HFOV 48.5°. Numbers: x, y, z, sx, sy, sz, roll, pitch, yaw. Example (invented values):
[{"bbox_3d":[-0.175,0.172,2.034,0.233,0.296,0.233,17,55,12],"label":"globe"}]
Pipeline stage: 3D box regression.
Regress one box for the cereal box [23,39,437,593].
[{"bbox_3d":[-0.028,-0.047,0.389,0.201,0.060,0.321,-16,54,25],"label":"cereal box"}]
□ □ □
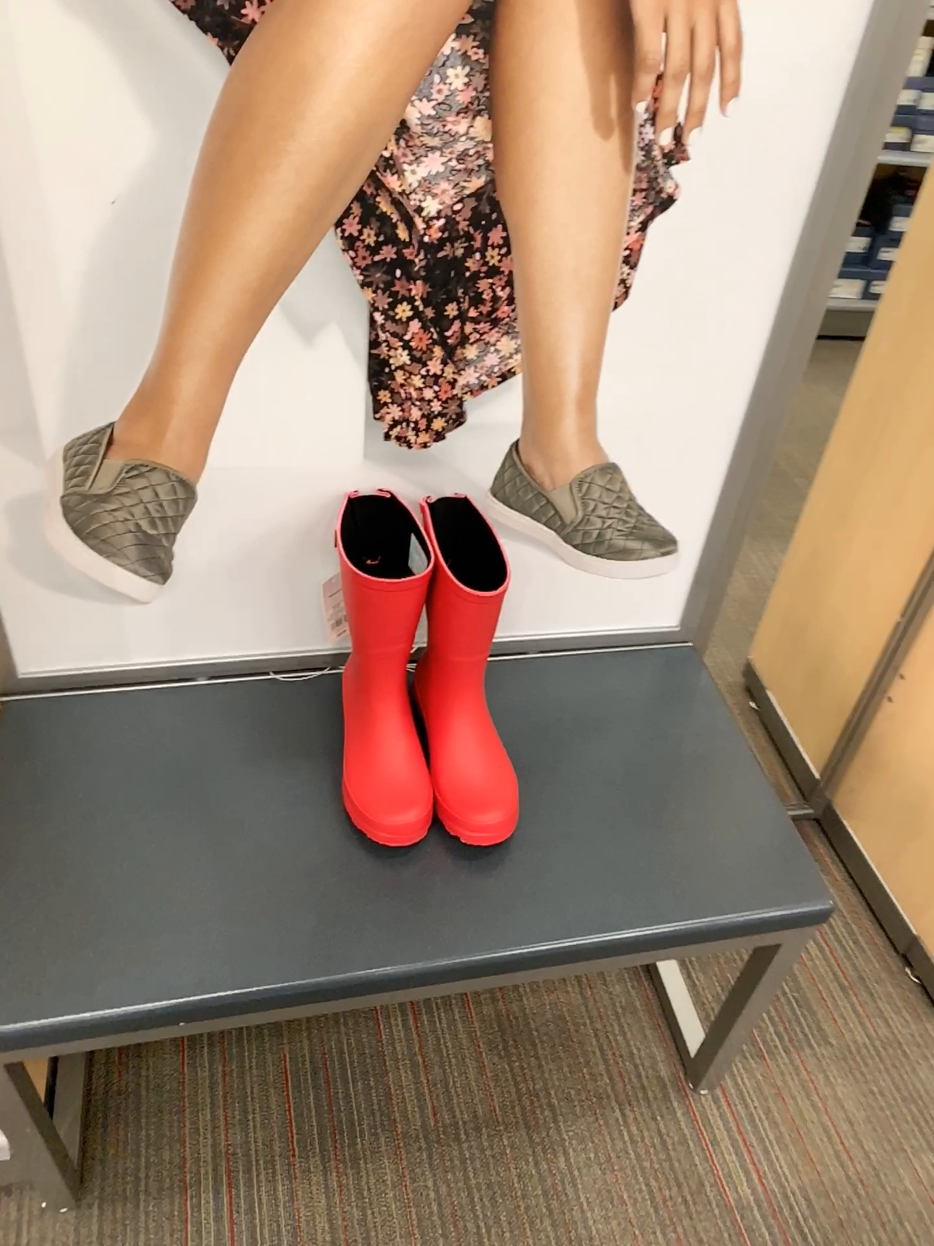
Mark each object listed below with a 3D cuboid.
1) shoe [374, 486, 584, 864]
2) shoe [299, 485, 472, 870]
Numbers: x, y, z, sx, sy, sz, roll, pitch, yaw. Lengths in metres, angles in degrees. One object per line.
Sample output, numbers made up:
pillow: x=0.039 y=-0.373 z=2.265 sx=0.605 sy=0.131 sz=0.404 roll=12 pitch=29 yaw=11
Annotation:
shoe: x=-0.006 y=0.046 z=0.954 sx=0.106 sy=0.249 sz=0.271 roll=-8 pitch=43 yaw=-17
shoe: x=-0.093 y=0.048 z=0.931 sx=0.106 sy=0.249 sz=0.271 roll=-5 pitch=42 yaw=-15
□ □ □
» **Assignment**: Every line above that includes the word "object" should be listed.

» **Written response**:
Mark each object listed below with a 3D cuboid.
Numbers: x, y, z, sx, sy, sz, roll, pitch, yaw. Lengths in metres, angles in degrees. One object per line.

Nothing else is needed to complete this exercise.